Keith G. Mills,Mohammad Salameh,Ruichen Chen,Negar Hassanpour,Wei Lu,Di Niu
Abstract:Diffusion Models (DM) have democratized AI image generation through an iterative denoising process. Quantization is a major technique to alleviate the inference cost and reduce the size of DM denoiser networks. However, as denoisers evolve from variants of convolutional U-Nets toward newer Transformer architectures, it is of growing importance to understand the quantization sensitivity of different weight layers, operations and architecture types to performance. In this work, we address this challenge with Qua$^2$SeDiMo, a mixed-precision Post-Training Quantization framework that generates explainable insights on the cost-effectiveness of various model weight quantization methods for different denoiser operation types and block structures. We leverage these insights to make high-quality mixed-precision quantization decisions for a myriad of diffusion models ranging from foundational U-Nets to state-of-the-art Transformers. As a result, Qua$^2$SeDiMo can construct 3.4-bit, 3.9-bit, 3.65-bit and 3.7-bit weight quantization on PixArt-${\alpha}$, PixArt-${\Sigma}$, Hunyuan-DiT and SDXL, respectively. We further pair our weight-quantization configurations with 6-bit activation quantization and outperform existing approaches in terms of quantitative metrics and generative image quality.
What problem does this paper attempt to address?
The problem that this paper attempts to solve is: how to perform sub - 4 - bit quantization on the denoiser network in Diffusion Models (DM) to reduce computational cost and model size without significantly degrading the image generation quality.
Specifically, the authors proposed a framework named Qua2SeDiMo (Quantifiable Quantization Sensitivity of Diffusion Models), aiming to optimize the quantization configurations of different weight layers, operation types, and architecture types in diffusion models through mixed - precision Post - Training Quantization (PTQ). The following are the main contributions of the paper:
1. **Directly Relate Quantization Methods and Bit - Precision to End - to - End Performance**:
- Proposed a method to directly relate the quantization method and bit - precision of each layer (operation) to end - to - end network metrics such as model size or task performance.
- Learned to assign the optimal configuration for each layer by evaluating less than 500 sampled quantization configurations.
2. **Reveal the Quantization Sensitivity of Specific Model Layers and Blocks**:
- Found that U - Nets prefer uniform scale quantization, while DiT models prefer clustering - based methods.
- Pointed out that the ResNet blocks in U - Nets are more sensitive to quantization and require higher bit - precision to maintain end - to - end performance and image quality.
- Found that the final output layer of the DiT model is more sensitive to quantization.
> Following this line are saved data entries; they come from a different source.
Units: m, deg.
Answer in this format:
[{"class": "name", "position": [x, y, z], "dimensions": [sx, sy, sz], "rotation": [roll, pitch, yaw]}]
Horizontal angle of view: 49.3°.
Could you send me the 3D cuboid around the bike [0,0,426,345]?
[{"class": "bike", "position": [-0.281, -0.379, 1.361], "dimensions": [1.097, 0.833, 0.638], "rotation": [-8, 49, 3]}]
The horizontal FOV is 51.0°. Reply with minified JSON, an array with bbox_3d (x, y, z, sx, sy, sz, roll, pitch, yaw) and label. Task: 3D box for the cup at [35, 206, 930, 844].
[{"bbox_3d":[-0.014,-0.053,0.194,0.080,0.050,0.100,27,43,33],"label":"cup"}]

3. **Construct an Efficient Mixed - Precision Quantization Configuration**:
- Achieved 3.4, 3.9, 3.65, 3.7, and 3.5 - bit PTQ on models such as PixArt - α, PixArt - Σ, Hunyuan - DiT, SDXL, and DiT - XL/2 respectively without a calibration dataset.
- Combined weight quantization with activation quantization, surpassing existing techniques such as Q - Diffusion, TFMQ - DM, and ViDiT - Q, and performing better in terms of visual quality, FID, and CLIP scores.
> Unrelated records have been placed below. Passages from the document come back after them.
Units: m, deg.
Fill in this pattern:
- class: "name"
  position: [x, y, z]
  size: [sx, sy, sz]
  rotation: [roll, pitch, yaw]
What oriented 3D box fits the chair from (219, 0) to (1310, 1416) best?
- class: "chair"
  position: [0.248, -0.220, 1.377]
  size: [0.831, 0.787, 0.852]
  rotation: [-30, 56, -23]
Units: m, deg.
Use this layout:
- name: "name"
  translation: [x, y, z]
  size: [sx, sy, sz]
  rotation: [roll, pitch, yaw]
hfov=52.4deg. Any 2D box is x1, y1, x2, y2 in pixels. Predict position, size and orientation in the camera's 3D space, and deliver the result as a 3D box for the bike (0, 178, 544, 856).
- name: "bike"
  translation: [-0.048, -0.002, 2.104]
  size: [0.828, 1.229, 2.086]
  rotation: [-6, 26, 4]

Through these contributions, Qua2SeDiMo not only addresses the challenges of low - bit quantization in diffusion models but also provides valuable insights into the quantization sensitivity of different operations and architecture types, thus helping researchers and engineers design and optimize diffusion models more effectively.
### Related Formulas
1. **K - Means Clustering Quantization**:
\[
W_Q=\text{indices corresponding to }K = 2^{N_Q}\text{ cluster centroids}
\]
where \( N_Q \) is the bit - precision after quantization, and \( W_Q \) is the quantized weight matrix.
2. **Uniform Affine Quantization (UAQ)**:
\[
\Delta=\frac{\max(|W_{FP}|)}{2^{N_Q}- 1}
\]
\[
W_Q=\text{clamp}\left(\left\lfloor\frac{W_{FP}}{\Delta}\right\rfloor, - 2^{N_Q - 1}+1,2^{N_Q - 1}-1\right)
\]
3. **Adjusted Quantization Step**:
\[
\Delta_\alpha=\frac{\max(|W_{FP}|)\cdot(1 - 0.01\alpha)}{2^{N_Q}-1}
\]
where \( \alpha\in[0,100)\) is used to minimize \( L_p \) loss:
\[
\min_\alpha\|W_{FP}-\Delta_\alpha W_Q\|_p
\]
These formulas show different quantization methods and their impact on model performance, further supporting the Qua2SeDiMo framework.